The forward-looking statements contained in this news release are made as of the date of this news release and are expressly qualified by the foregoing cautionary statement. Except as expressly required by securities law, neither Voyageur nor Evolve undertakes any obligation to update publicly or to revise any of the included forward-looking statements, whether as a result of new information, future events or otherwise.

Completion of the Proposed Transaction is subject to a number of conditions, including but not limited to, shareholder approval. Where applicable, the Proposed Transaction cannot close until the required shareholder approval is obtained. There can be no assurance that the Proposed Transaction will be completed as proposed or at all.

Investors are cautioned that, except as disclosed in the management information circular or filing statement to be prepared in connection with the Proposed Transaction, any information released or received with respect to the Proposed Transaction may not be accurate or complete and should not be relied upon. Trading in the securities of Voyageur should be considered highly speculative.

The CSE has not passed upon the merits of the Proposed Transaction and has neither approved nor disapproved the contents of this news release.
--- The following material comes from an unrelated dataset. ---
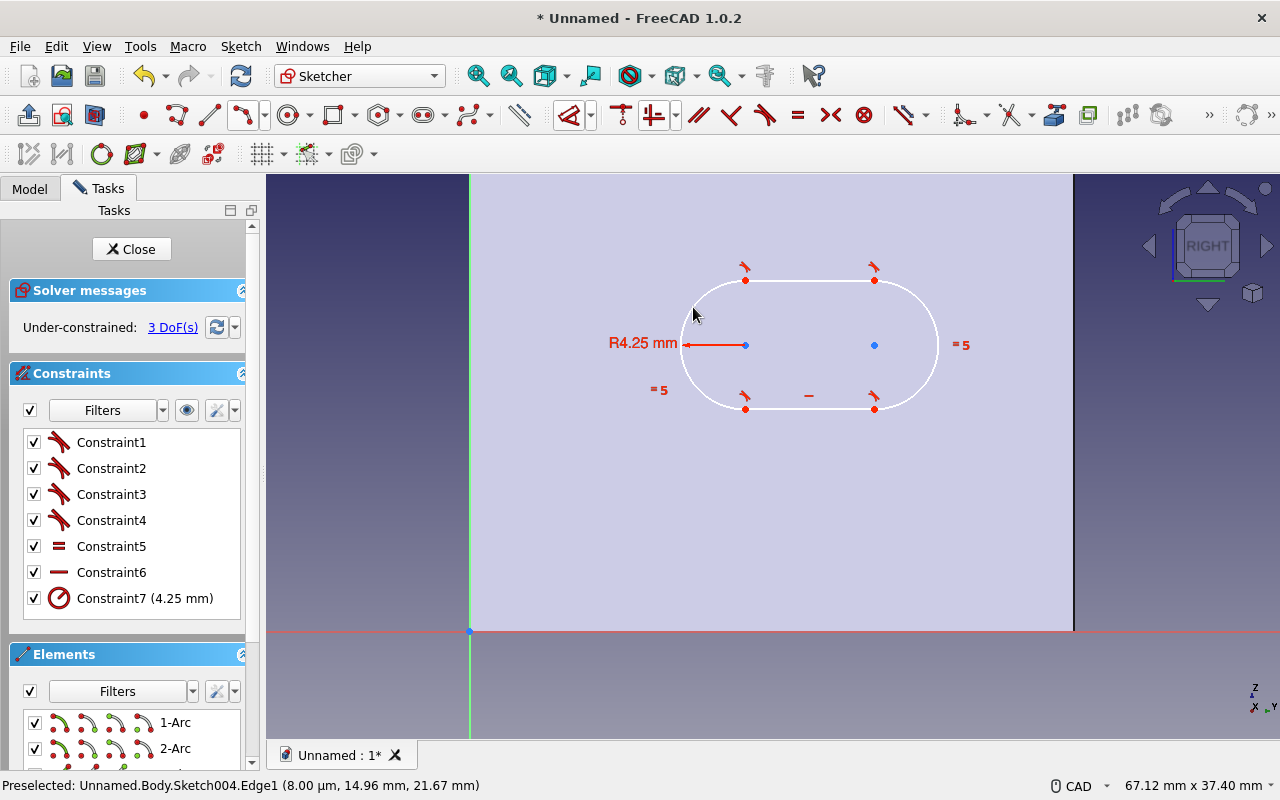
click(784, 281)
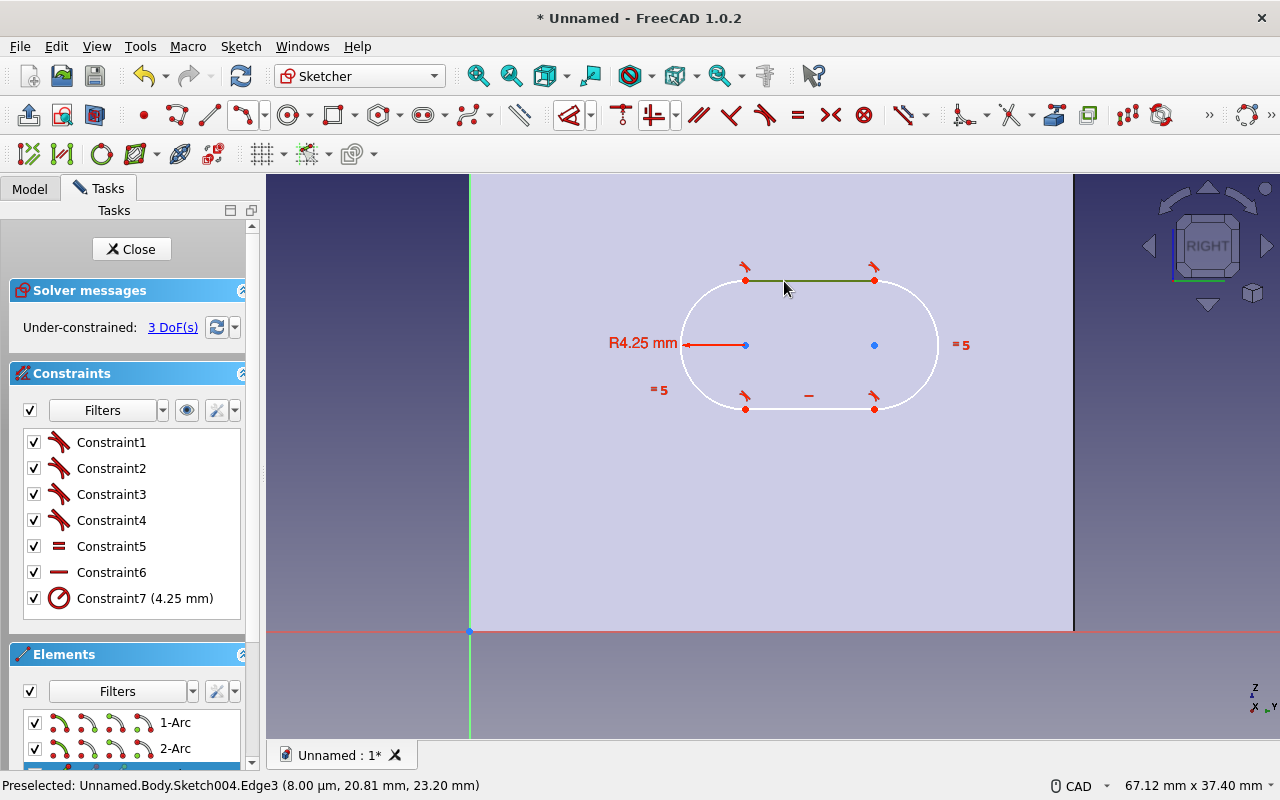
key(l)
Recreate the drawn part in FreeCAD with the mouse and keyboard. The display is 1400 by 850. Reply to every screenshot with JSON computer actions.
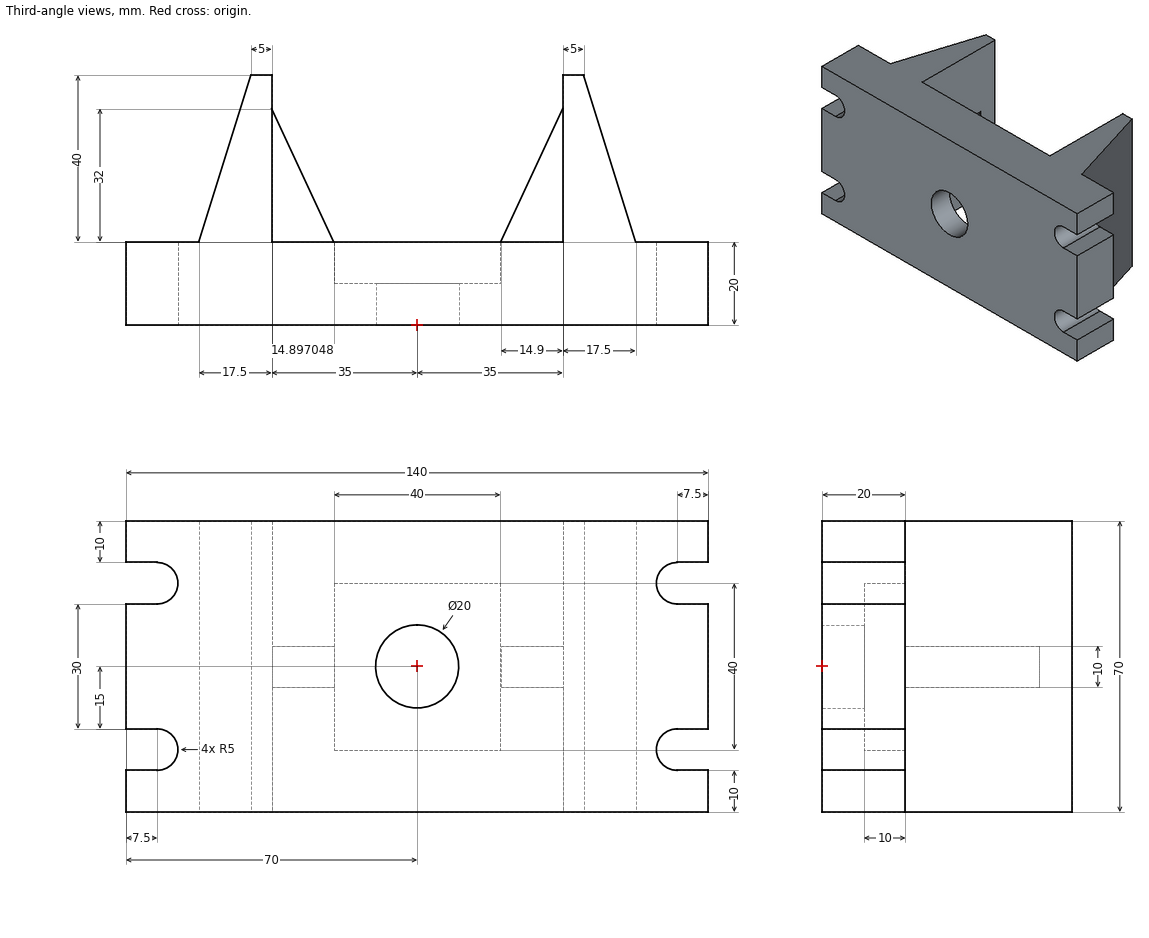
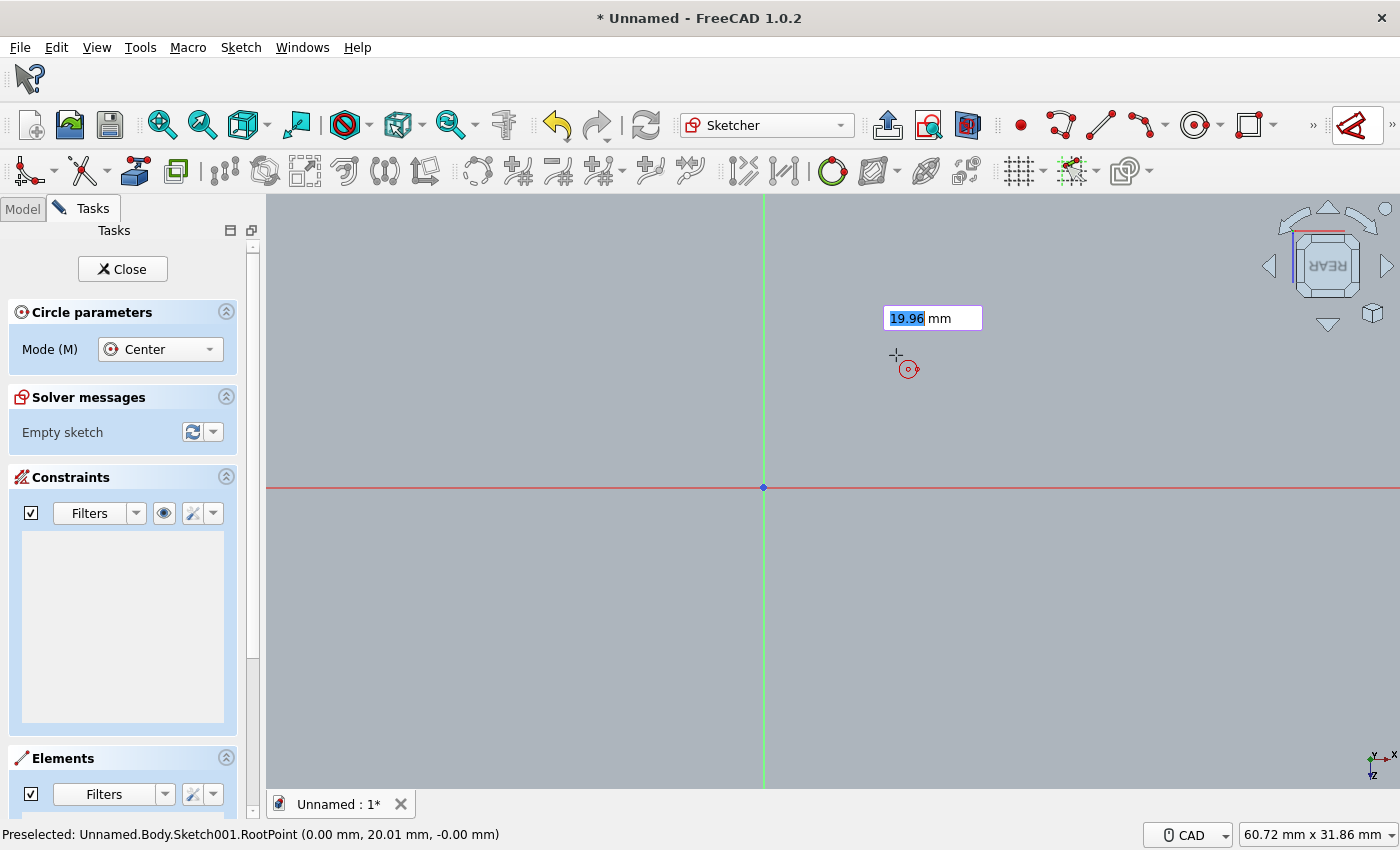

This news release does not constitute an offer to sell or a solicitation of an offer to buy the securities described herein in the United States or in any other jurisdiction, nor shall there be any sale of the securities in any state in which such offer, solicitation or sale would be unlawful. The securities have not been and will not be registered under the U.S. Securities Act of 1933, or any state securities laws, and accordingly, may not be offered or sold in the United States except in compliance with the registration requirements of the U.S. Securities Act of 1933 and applicable state securities requirements or pursuant to exemptions therefrom.